This clip is from early this morning, hours before House Dems voted to formalize the impeachment inquiry, so there was confusion initially about which vote she meant. One WaPo columnist thought Conway meant that Pelosi didn’t have the votes for the inquiry, i.e. that today’s vote would fail and that the impeachment effort would suddenly collapse in a heap on the House floor.
Which would be nuts. Conway can’t possibly have believed Pelosi would let herself be taken by surprise that way, or that viewers might be so gullible as to believe it. I realize that the Fox audience must be carefully sheltered from bad news for the president to the maximum extent possible but that bad news was destined to come this morning no matter what. No sense in Conway giving them false hope.
I think what she means is that the final impeachment vote to come next month or in December is the one where Pelosi doesn’t have 218. That’s not as nutty but still pretty nutty: Centrist Dems would have more to fear from their base at this point if they short-circuited impeachment after all the testimony about a quid pro quo than they would from swing voters if they followed through on it. Having taken the fateful step today of voting to formalize the impeachment inquiry, there’s simply no doubt that they’ll vote to impeach in the end.
But from Conway’s perspective, it can’t hurt to pre-spin that outcome, right? The polling on opening the impeachment inquiry is fairly solidly in Democrats’ favor (51/42 on average per FiveThirtyEight) but the polling on whether to go ahead and actually impeach Trump is much tighter at 47.5/43.6. And that’s nationally, not in the battleground states that Conway mentions in the clip. The NYT polled six swing states earlier this month and, as of mid-October, found voters opposed to impeachment and removal, 43/53. More from the Hill:
“We’ve known for a long time that everybody in California and New York want Trump to be impeached, they’ve wanted that since the day he came into office,” said one Trump campaign official who is not authorized to speak on the record. “But in these states where the election is really going to be fought, we’re seeing that voters oppose impeachment, and there’s an intensity to that opposition.”…
“It’s not a good thing that bare majorities oppose removing Trump from office in these key states,” said one GOP pollster who requested anonymity. “Removing the president from office should be a really big deal, almost unthinkable, and reserved for the biggest scandals or wrongdoing. So only eking out 51 percent or 52 percent opposition in these states isn’t good.”
“That said, these numbers definitely show that there’s lots of room for Democrats to handle this badly and hand Trump a second term,” the pollster continued.
Conway’s trying to raise public awareness that impeachment isn’t popular in battlegrounds by speculating (incorrectly) that Dems from those states might get cold feet. Ironically, though, I think the fact that the outcome in the Senate is assured makes it easier for House Democrats from swing states to support impeachment. No harm, no foul: If they impeach and Trump is acquitted, then the president retains his office and the country will move on to the next thing. Trump fans will be mad, of course, but Trump fans weren’t voting for House Democrats next fall anyway. And meanwhile progressives who’ve been carping all year that the House must impeach Trump will have finally gotten their cookie. Pelosi did what they wanted. Now they can take their wrath at Congress for failing to remove the president and use it against Senate Republicans.

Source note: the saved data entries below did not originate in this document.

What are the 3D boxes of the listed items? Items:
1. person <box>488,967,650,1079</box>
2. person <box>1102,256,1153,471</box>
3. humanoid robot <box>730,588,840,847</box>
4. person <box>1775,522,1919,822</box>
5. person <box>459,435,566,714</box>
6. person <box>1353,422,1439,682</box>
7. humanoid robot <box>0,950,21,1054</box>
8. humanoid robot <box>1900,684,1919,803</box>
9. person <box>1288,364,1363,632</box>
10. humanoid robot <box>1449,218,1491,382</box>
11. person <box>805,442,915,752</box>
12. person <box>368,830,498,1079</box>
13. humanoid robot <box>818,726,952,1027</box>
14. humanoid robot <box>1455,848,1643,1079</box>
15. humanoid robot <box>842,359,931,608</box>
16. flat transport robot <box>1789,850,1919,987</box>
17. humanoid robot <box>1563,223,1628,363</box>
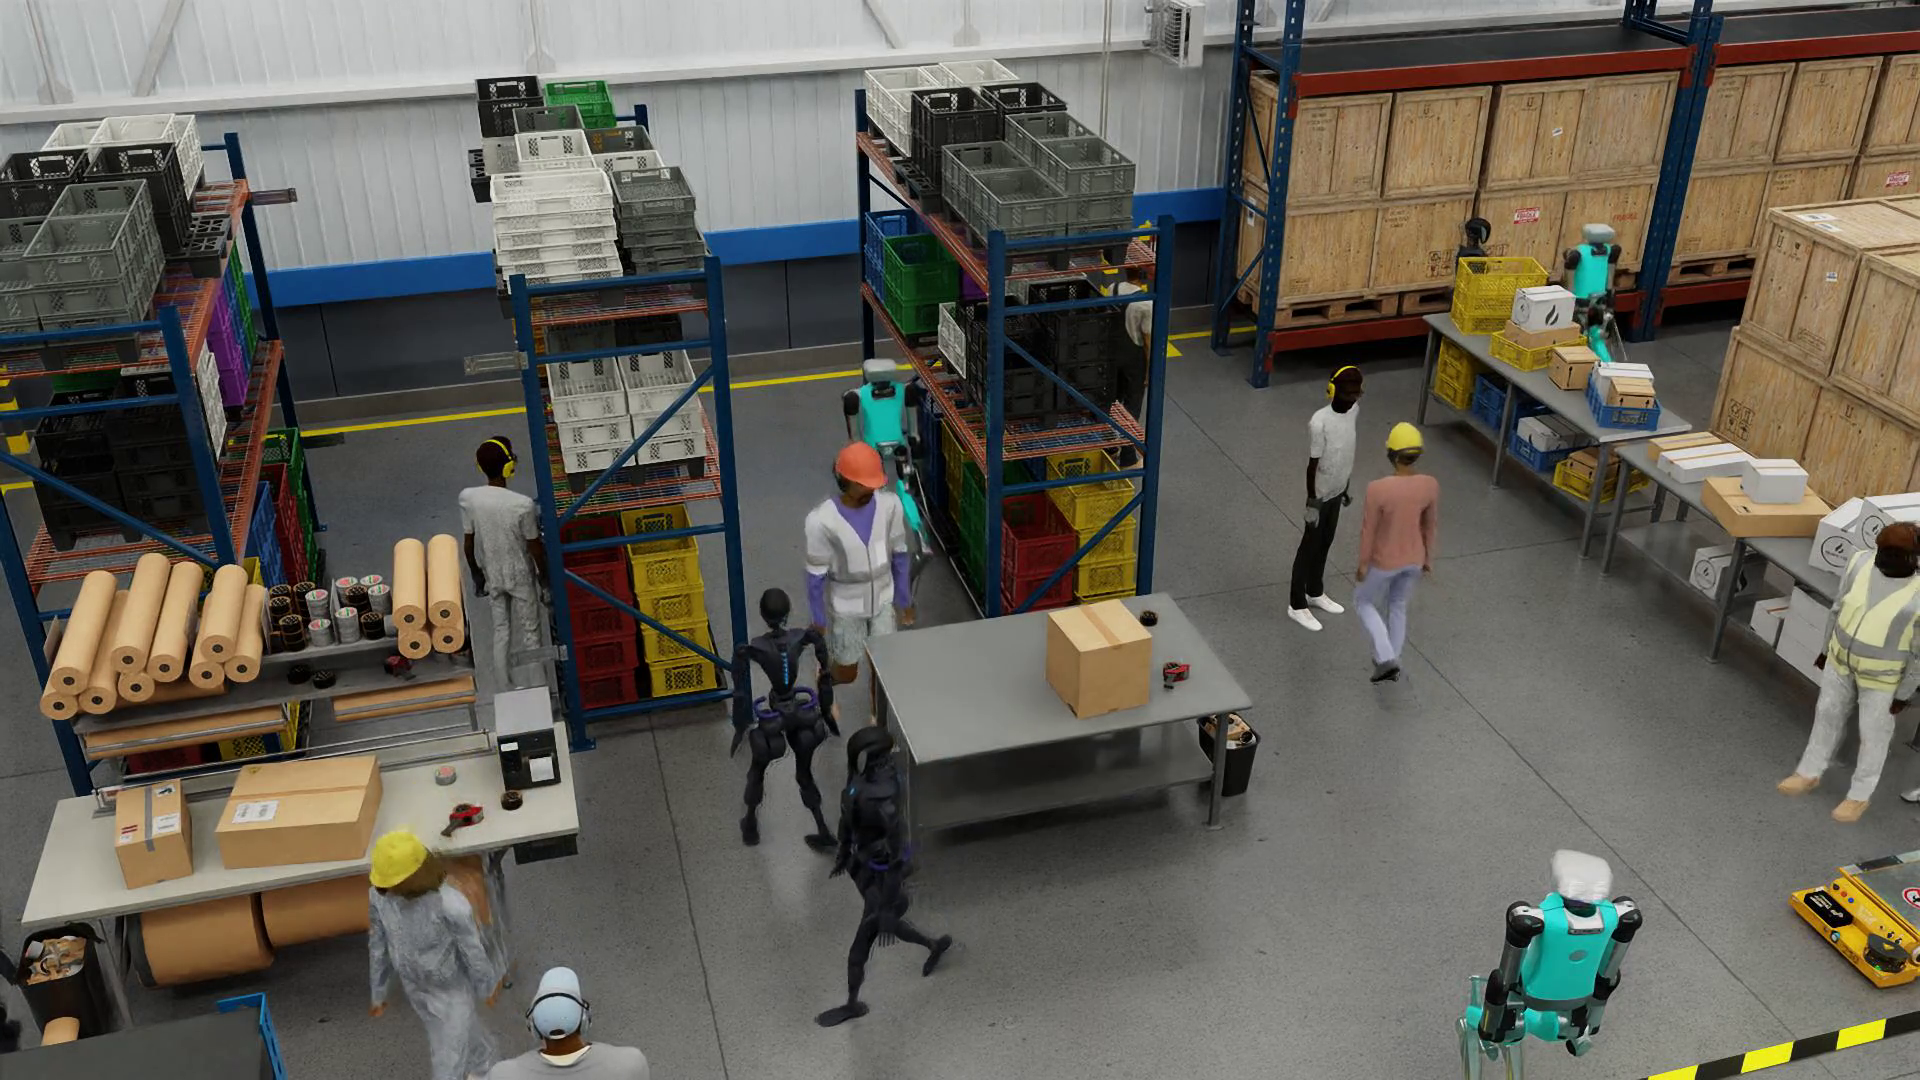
[{"bbox_3d":[-1.403,2.350,6.241,0.589,1.852,0.365,-5,29,-9],"label":"person"},{"bbox_3d":[1.335,-1.402,13.089,0.339,1.838,0.501,-22,35,-34],"label":"person"},{"bbox_3d":[-0.949,0.962,8.967,0.609,1.629,0.528,-12,31,-21],"label":"humanoid robot"},{"bbox_3d":[5.020,0.723,9.232,0.477,1.831,0.621,-13,31,-22],"label":"person"},{"bbox_3d":[-2.714,0.241,10.062,0.529,1.868,0.309,6,29,11],"label":"person"},{"bbox_3d":[2.730,0.123,10.415,0.552,1.731,0.574,-9,30,-15],"label":"person"},{"bbox_3d":[-4.543,1.862,7.365,0.608,1.631,0.769,-10,30,-17],"label":"humanoid robot"},{"bbox_3d":[5.646,0.792,9.212,0.665,1.817,0.537,-7,30,-13],"label":"humanoid robot"},{"bbox_3d":[2.458,-0.300,11.054,0.333,1.864,0.517,25,37,37],"label":"person"},{"bbox_3d":[4.351,-1.945,14.229,0.344,1.648,0.589,8,30,14],"label":"humanoid robot"},{"bbox_3d":[-0.590,0.347,9.717,0.619,2.020,0.646,-16,32,-26],"label":"person"},{"bbox_3d":[-2.302,1.964,7.108,0.495,1.699,0.892,11,31,20],"label":"person"},{"bbox_3d":[-0.351,1.566,7.898,0.770,1.636,0.602,-14,32,-23],"label":"humanoid robot"},{"bbox_3d":[2.397,1.892,7.059,0.533,1.673,0.735,-2,29,-4],"label":"humanoid robot"},{"bbox_3d":[-0.442,-0.306,11.180,0.533,1.717,1.006,-9,30,-16],"label":"humanoid robot"},{"bbox_3d":[5.163,1.916,8.676,1.431,0.231,0.659,-8,30,-14],"label":"flat transport robot"},{"bbox_3d":[5.250,-1.669,13.668,0.535,1.767,0.760,-12,31,-20],"label":"humanoid robot"}]

Although today is nominally a “loss” for Trump in that House Dems ratified the ongoing impeachment inquiry I think this Atlantic piece is spot on in claiming that he lost the battle but will now obviously win the war. He got unanimous opposition from House Republicans to the resolution, after all, and if ever there was a step in the impeachment process where there was some doubt about GOP unanimity, today was it. Everyone expects them to vote unanimously against actual impeachment later on but centrist Republicans could have treated today as an opportunity to signal to centrists back home that they’re concerned about the allegations of a quid pro quo, they’re taking the charges seriously, and they agree that the matter should at least be *investigated*. Having banked a little cred that they’re “keeping an open mind” by voting in favor of opening the inquiry, they could then turn around next month and vote against impeachment, claiming that they’ve studied the evidence carefully and there’s just no “there” there. That is, there was at least some chance of a few Republican defections today. The fact that there were none means that this process could go party-line the entire way, even in the Senate. The House GOP’s solidarity shows that Trump will tolerate no disloyalty, even on a meaningless vote for sound strategic reasons.